- Occupation: Journalist
- Genre: non-fiction
- Subjects: Crime, terrorism; Cold War history; espionage;
- Years active: 2000s–present
- Notable works: The Golden Thread: The Cold War and the Mysterious Death of Dag Hammarskjöld

= Ravi Somaiya =

Ravi Somaiya is a British author and journalist, most known for his investigative work and his 2020 book on the murder of UN Secretary General Dag Hammarskjöld.

==Background==
Somaiya was born in England. His grandparents were Indians who migrated to Uganda.

==Career==

He has been a correspondent for the New York Times, and also written for the Guardian, Rolling Stone and New York Magazine.

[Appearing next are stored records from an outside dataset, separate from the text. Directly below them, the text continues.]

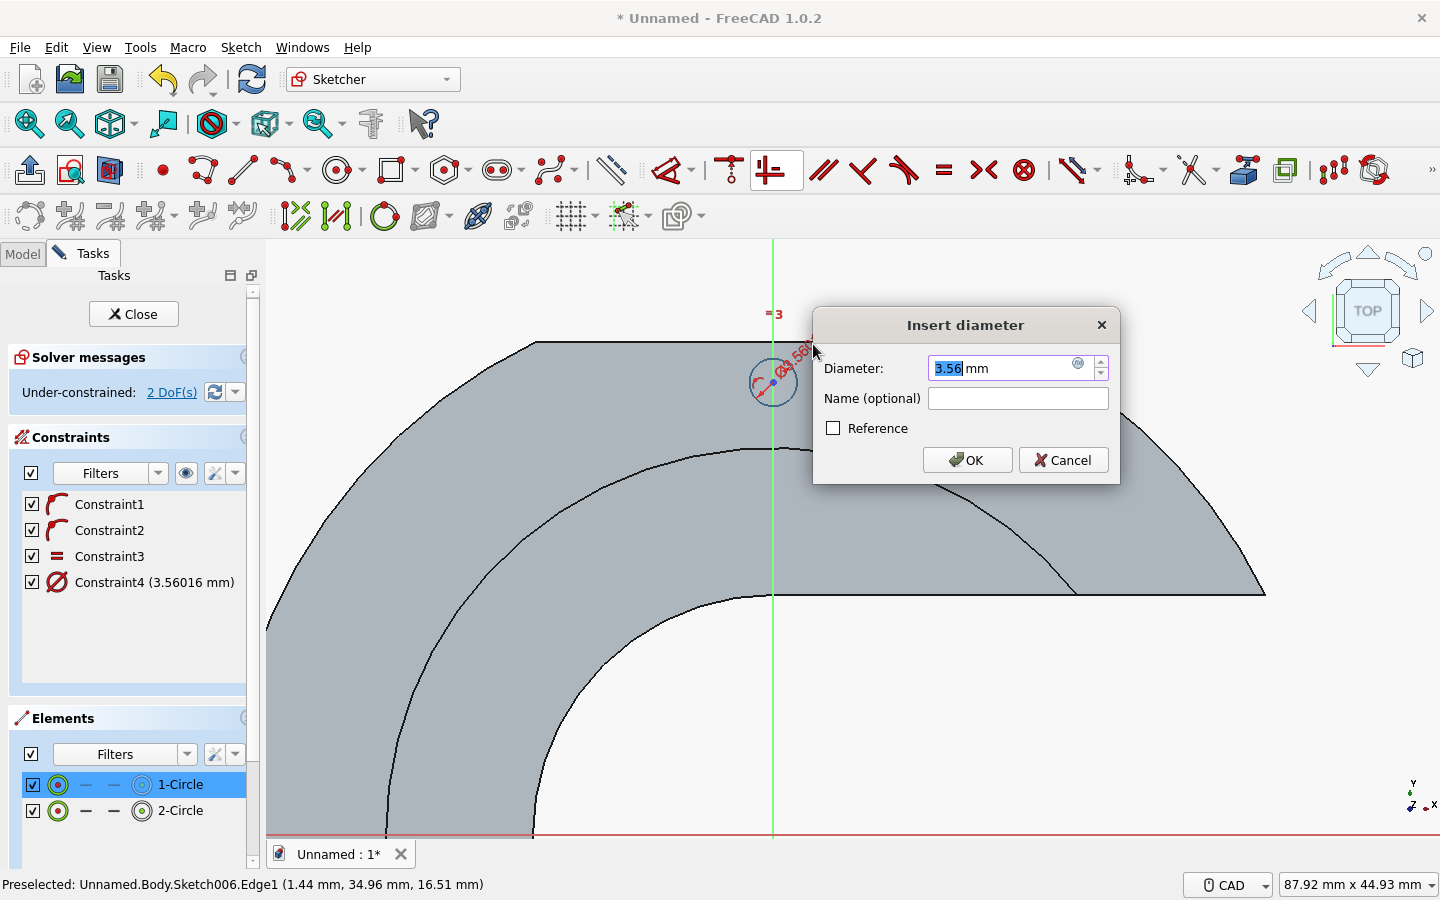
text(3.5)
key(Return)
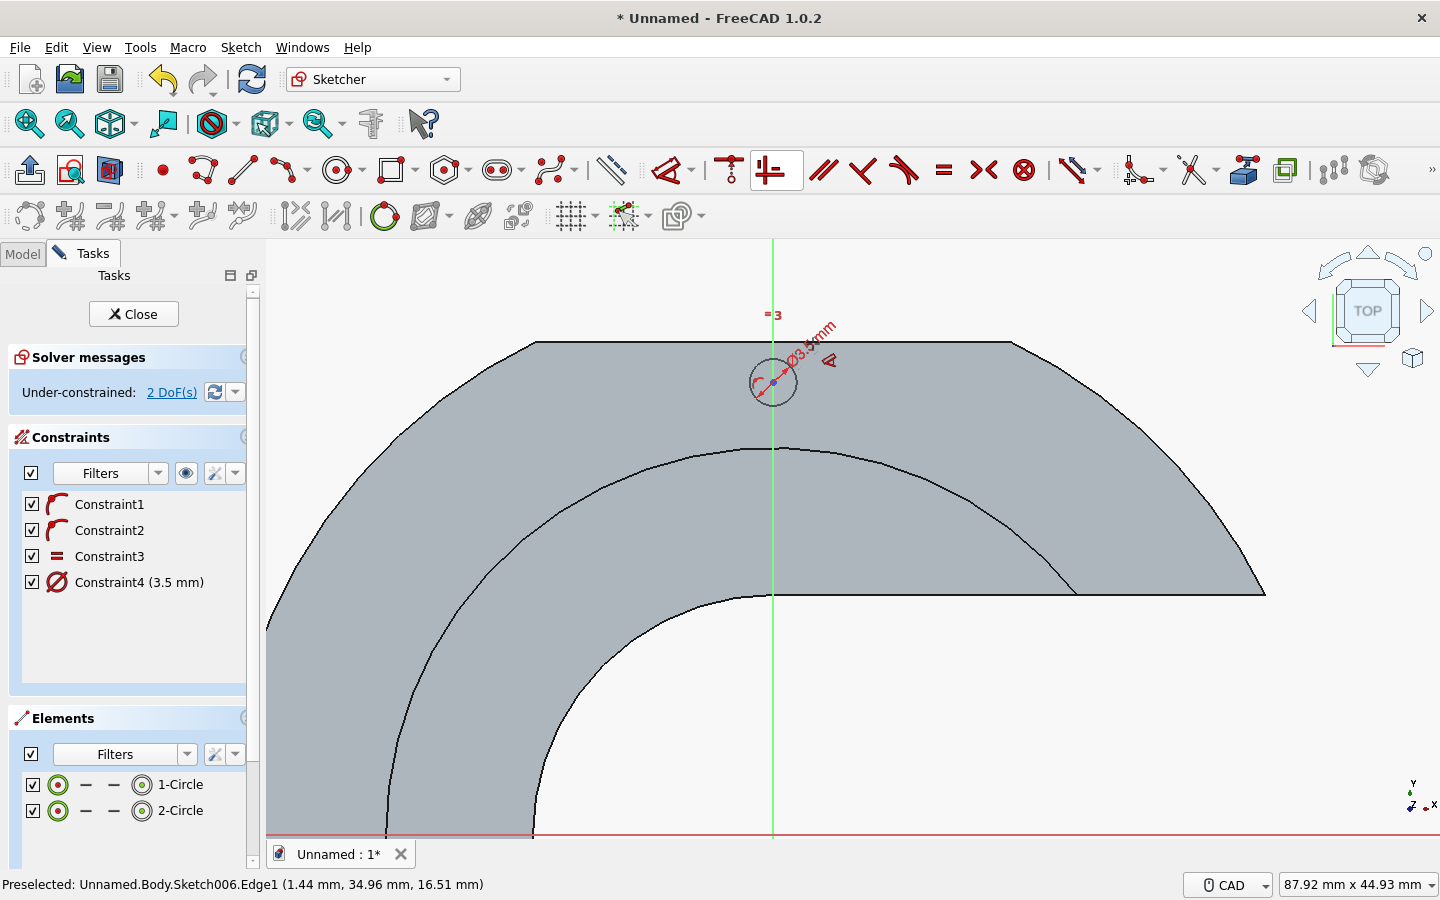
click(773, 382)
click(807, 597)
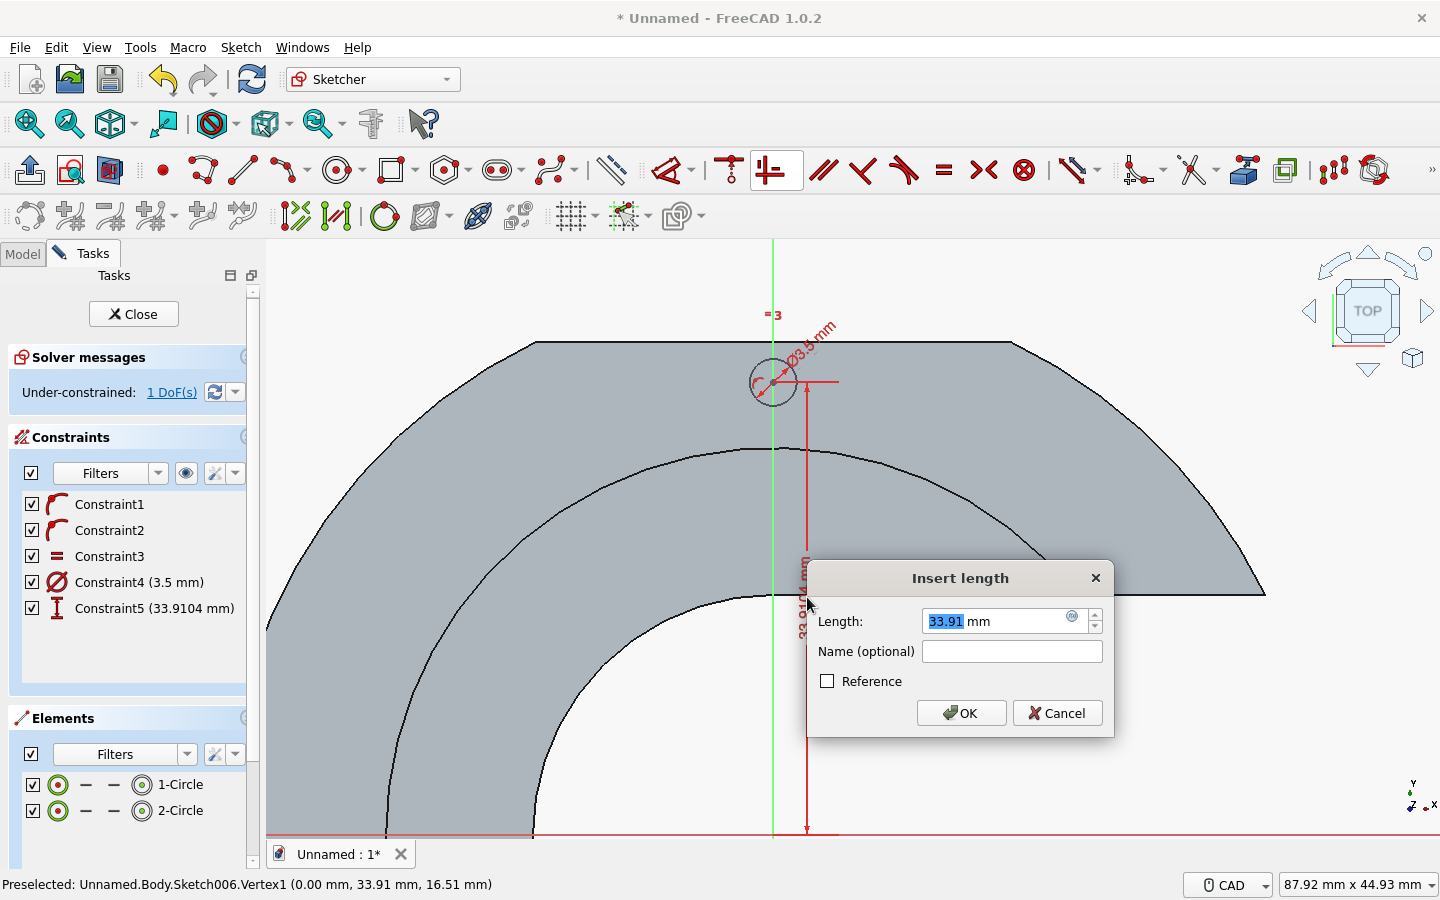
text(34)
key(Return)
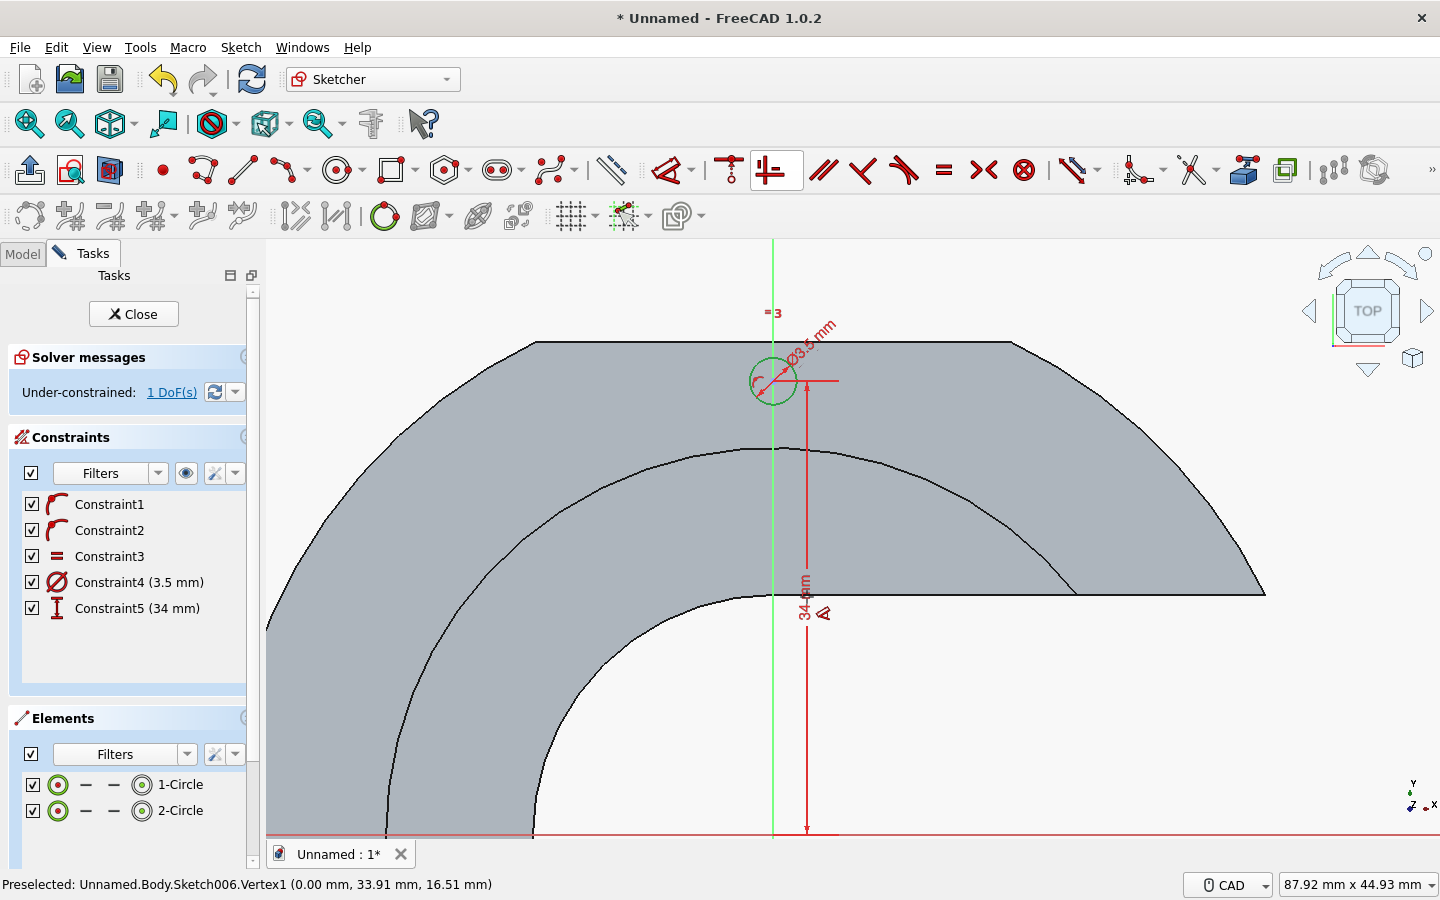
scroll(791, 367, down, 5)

His topics range from crime, terrorism, Wikileaks to table tennis.

In 2020, he published the book The Golden Thread: The Cold War and the Mysterious Death of Dag Hammarskjöld where he presents proof that Hammarskjöld was murdered and that the plane crash was not an accident.

His 2022 Air Mail story “The Root of All Evil” on an exorcism in Mexico City is in development with Prologue Entertainment, Atomic Monster and Blumhouse as a psychological thriller.

In late 2025 he founded Bungalow, a magazine devoted to exploring one overlooked or under-reported story in depth. The magazine has co-published reporting projects with publications including the Financial Times.